La tradición hace de la familia la célula básica de la sociedad, el depósito de


todas las virtudes, el origen del afecto y la barrera frente al delito o a las más diversas
aberraciones, así como el gran refugio al que la humanidad debería retornar. Estas ideas
son en buena parte plausibles, pero su enunciación hiperbólica suele implicar
exageraciones y hasta anacronismos que aconsejan un análisis más desapasionado de la
situación.

Desde la familia patriarcal de la antigüedad, en la que el padre tenía hasta poder


de vida y muerte sobre los hijos y asumía a la vez la condición de juez doméstico para
dirimir cualquier conflicto suscitado dentro del grupo familiar sin recurrir a autoridades
externas, muchas modificaciones se han introducido por vía de la cultura, la economía y
la ciencia.

Durante muchos siglos, la familia fue, de hecho, una unidad económica: grupo
de trabajo entre labradores o artesanos, modo de conservar, transmitir y acrecentar la
riqueza entre los más poderosos. El matrimonio, la patria potestad y la herencia servían
esos propósitos, pero frente a instituciones tan importantes la mujer quedaba reducida a
una función instrumental: procrear y educar a la prole, siempre bajo la manutención 1, la
protección y la dirección suprema del marido.
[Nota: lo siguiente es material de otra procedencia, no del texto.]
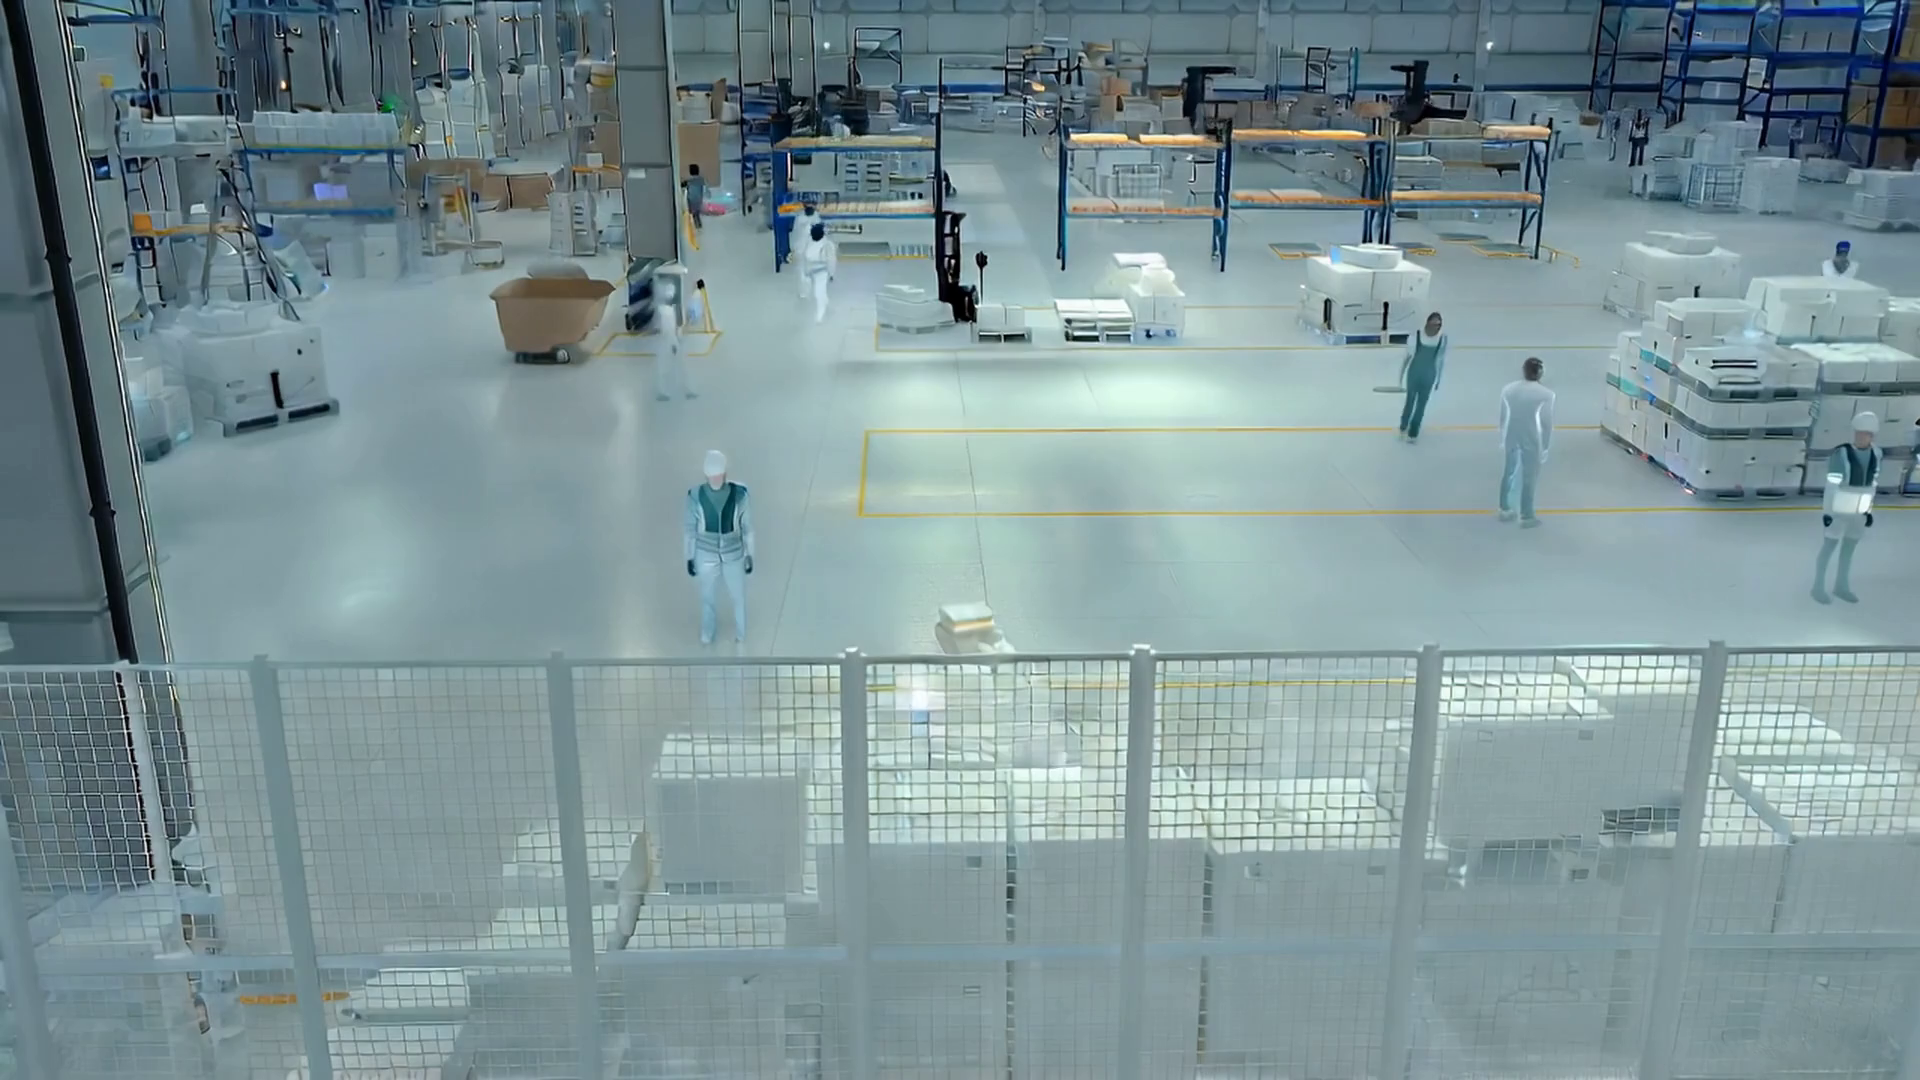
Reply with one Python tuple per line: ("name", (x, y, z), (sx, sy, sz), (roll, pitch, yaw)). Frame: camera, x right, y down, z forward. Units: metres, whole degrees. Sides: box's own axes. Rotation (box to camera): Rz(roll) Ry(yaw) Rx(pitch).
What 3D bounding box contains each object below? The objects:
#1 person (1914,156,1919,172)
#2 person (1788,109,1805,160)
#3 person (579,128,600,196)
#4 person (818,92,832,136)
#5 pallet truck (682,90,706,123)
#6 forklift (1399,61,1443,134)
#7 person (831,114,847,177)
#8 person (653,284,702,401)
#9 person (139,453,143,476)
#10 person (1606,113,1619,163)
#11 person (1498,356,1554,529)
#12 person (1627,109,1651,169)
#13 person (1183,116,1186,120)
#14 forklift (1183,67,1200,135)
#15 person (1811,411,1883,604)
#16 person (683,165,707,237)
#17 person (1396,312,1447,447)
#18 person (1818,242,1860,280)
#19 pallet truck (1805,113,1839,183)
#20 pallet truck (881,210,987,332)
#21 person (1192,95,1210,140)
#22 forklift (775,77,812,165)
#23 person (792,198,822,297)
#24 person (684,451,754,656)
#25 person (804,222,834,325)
("person", (24.662, -9.180, 42.657), (0.418, 1.870, 0.614), (1, 19, 3))
("person", (27.520, -13.273, 54.850), (0.626, 1.844, 0.429), (-14, 23, -36))
("person", (-10.434, -10.634, 46.904), (0.571, 1.916, 0.427), (0, 19, -1))
("person", (-5.046, -15.928, 62.690), (1.050, 1.870, 0.656), (7, 20, 20))
("pallet truck", (-9.671, -15.907, 62.421), (0.823, 1.965, 1.885), (5, 19, 15))
("forklift", (18.167, -17.564, 65.977), (1.873, 2.768, 1.129), (-1, 19, -2))
("person", (-3.781, -12.273, 51.736), (0.550, 1.933, 0.375), (9, 21, 26))
("person", (-4.129, -2.844, 24.111), (0.795, 1.715, 0.501), (3, 19, 9))
("person", (-8.811, -0.680, 17.391), (0.587, 1.910, 0.573), (7, 20, 19))
("person", (21.969, -13.534, 55.956), (0.325, 1.626, 0.510), (1, 19, 4))
("person", (6.303, -1.093, 18.564), (0.375, 1.940, 0.627), (-15, 24, -37))
("person", (22.118, -13.060, 54.117), (0.383, 1.910, 0.595), (-16, 25, -40))
("person", (7.288, -13.101, 54.651), (0.514, 1.640, 0.310), (2, 19, 5))
("forklift", (8.517, -15.885, 60.997), (1.873, 2.768, 1.129), (-1, 19, -1))
("person", (8.700, -0.319, 16.263), (0.544, 1.943, 0.347), (-3, 19, -8))
("person", (-6.393, -8.157, 39.954), (0.539, 1.659, 0.836), (-13, 23, -34))
("person", (6.027, -2.095, 21.746), (0.584, 1.806, 0.474), (1, 19, 1))
("person", (14.089, -3.826, 26.743), (0.620, 1.885, 0.883), (6, 20, 17))
("pallet truck", (26.403, -11.957, 50.702), (0.823, 1.965, 1.885), (6, 19, 16))
("pallet truck", (-0.493, -4.759, 29.349), (1.885, 1.965, 0.823), (-13, 23, -34))
("person", (8.768, -15.182, 60.424), (0.911, 1.909, 0.633), (15, 24, 38))
("forklift", (-5.917, -13.894, 55.089), (1.873, 2.768, 1.129), (-1, 19, -1))
("person", (-2.929, -5.631, 32.078), (0.592, 1.910, 0.420), (-6, 20, -18))
("person", (-2.156, 0.133, 14.913), (0.618, 1.946, 0.394), (-4, 19, -11))
("person", (-2.505, -4.749, 29.576), (0.649, 1.829, 0.482), (13, 23, 33))

Los matrimonios se arreglaban entre las
familias como un negocio, en el que la voluntad de los contrayentes (y sobre todo la de
la mujer) tenía un peso apenas incidental y dependiente de la misericordia paterna 2. El
amor (entendido como una combinación de benevolencia, respeto, protección y
sumisión) se daba por sentado como una consecuencia obligatoria del contrato de
matrimonio y, si este deber no llegaba a cumplirse o dejaba de observarse, nada impedía
que la familia siguiera su curso mientras se guardaran las apariencias y los aspectos
patrimoniales o laborales del matrimonio no se vieran afectados. A esto contribuía, por
cierto, el hecho de que la expectativa de vida de las personas era bastante corta y que
cada parto implicaba riesgo de muerte para la madre.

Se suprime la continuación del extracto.